Aim of the task: From the first line of the data down to the line bearing "Answer: 9 members", output every line exactly and include no pictures.

Saved data entries
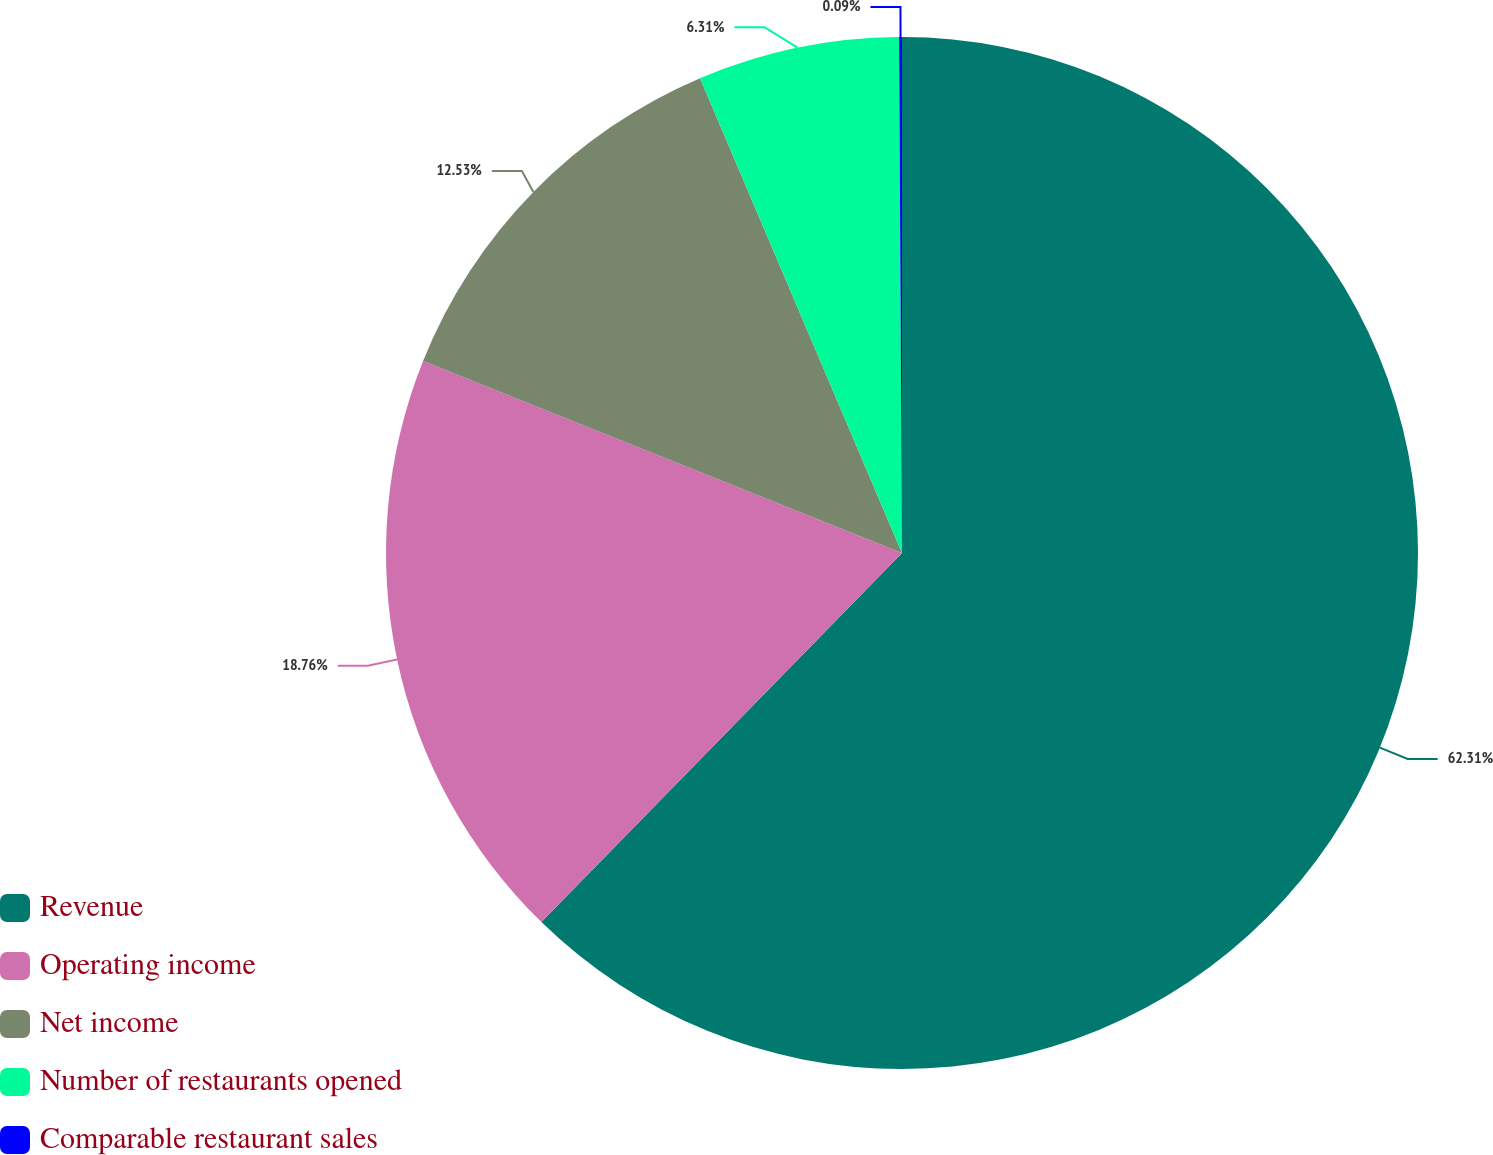Convert chart to OTSL. <chart><loc_0><loc_0><loc_500><loc_500><pie_chart><fcel>Revenue<fcel>Operating income<fcel>Net income<fcel>Number of restaurants opened<fcel>Comparable restaurant sales<nl><fcel>62.32%<fcel>18.76%<fcel>12.53%<fcel>6.31%<fcel>0.09%<nl></chart> 
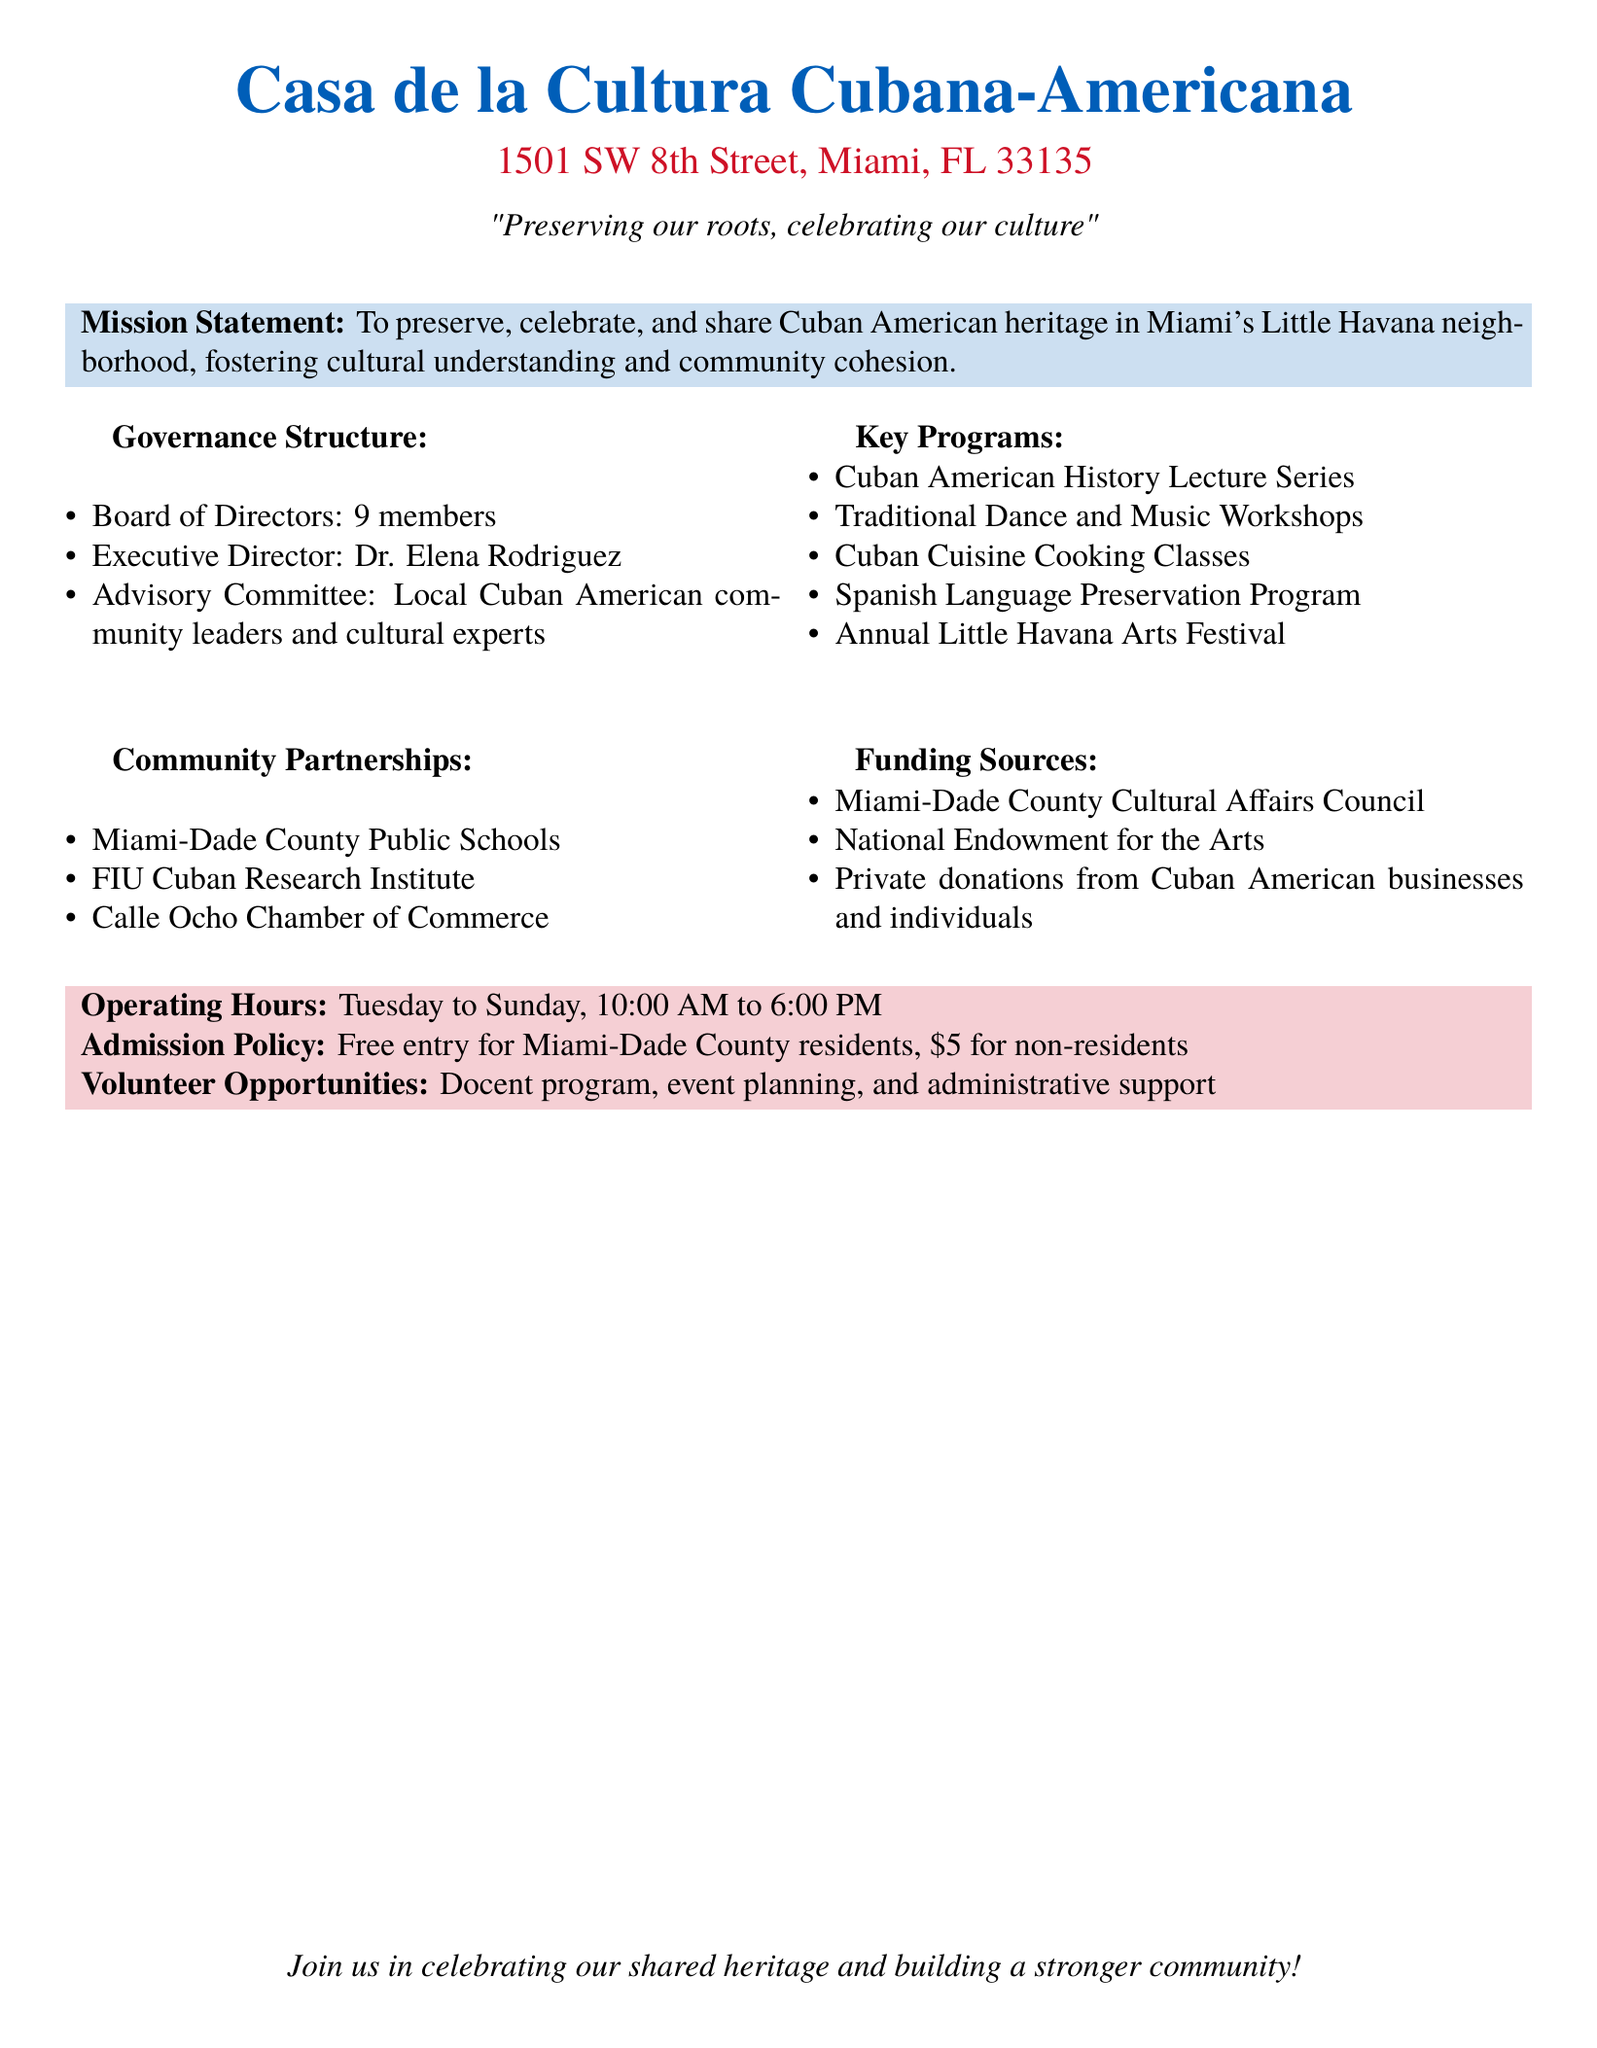What is the mission statement of the center? The mission statement outlines the purpose of the center, which is to preserve, celebrate, and share Cuban American heritage in Miami's Little Havana neighborhood.
Answer: To preserve, celebrate, and share Cuban American heritage in Miami's Little Havana neighborhood Who is the Executive Director of the center? The Executive Director is the individual responsible for overseeing the operations of the center, and the document specifies that this role is filled by Dr. Elena Rodriguez.
Answer: Dr. Elena Rodriguez How many members are on the Board of Directors? The document states the number of members on the Board of Directors, which is important for understanding the governance of the center.
Answer: 9 members What programs focus on Cuban culture at the center? The specific programs listed in the document provide insights into the cultural offerings of the center, with an emphasis on Cuban traditions.
Answer: Cuban American History Lecture Series, Traditional Dance and Music Workshops, Cuban Cuisine Cooking Classes, Spanish Language Preservation Program, Annual Little Havana Arts Festival What is the admission cost for non-residents? The document mentions the admission policy, giving specific fees for different groups, which is important for visitor information.
Answer: $5 for non-residents Which educational institution is a community partner? The community partnership section of the document highlights collaborations, and this question focuses on one of those partners, enhancing understanding of the center's connections.
Answer: FIU Cuban Research Institute What are the operating hours of the center? The operating hours provide essential information for visitors planning their visit to the center, as outlined in the document.
Answer: Tuesday to Sunday, 10:00 AM to 6:00 PM What type of volunteer opportunities are available? This question focuses on the volunteer aspect of the center, highlighting community engagement, as stated in the document.
Answer: Docent program, event planning, and administrative support

Response:
Convert chart to OTSL. <chart><loc_0><loc_0><loc_500><loc_500><pie_chart><fcel>Revenue<fcel>Operating income<fcel>Net income<fcel>Number of restaurants opened<fcel>Comparable restaurant sales<nl><fcel>62.32%<fcel>18.76%<fcel>12.53%<fcel>6.31%<fcel>0.09%<nl></chart> 
What is the mission statement of the center? The mission statement outlines the purpose of the center, which is to preserve, celebrate, and share Cuban American heritage in Miami's Little Havana neighborhood.
Answer: To preserve, celebrate, and share Cuban American heritage in Miami's Little Havana neighborhood Who is the Executive Director of the center? The Executive Director is the individual responsible for overseeing the operations of the center, and the document specifies that this role is filled by Dr. Elena Rodriguez.
Answer: Dr. Elena Rodriguez How many members are on the Board of Directors? The document states the number of members on the Board of Directors, which is important for understanding the governance of the center.
Answer: 9 members What programs focus on Cuban culture at the center? The specific programs listed in the document provide insights into the cultural offerings of the center, with an emphasis on Cuban traditions.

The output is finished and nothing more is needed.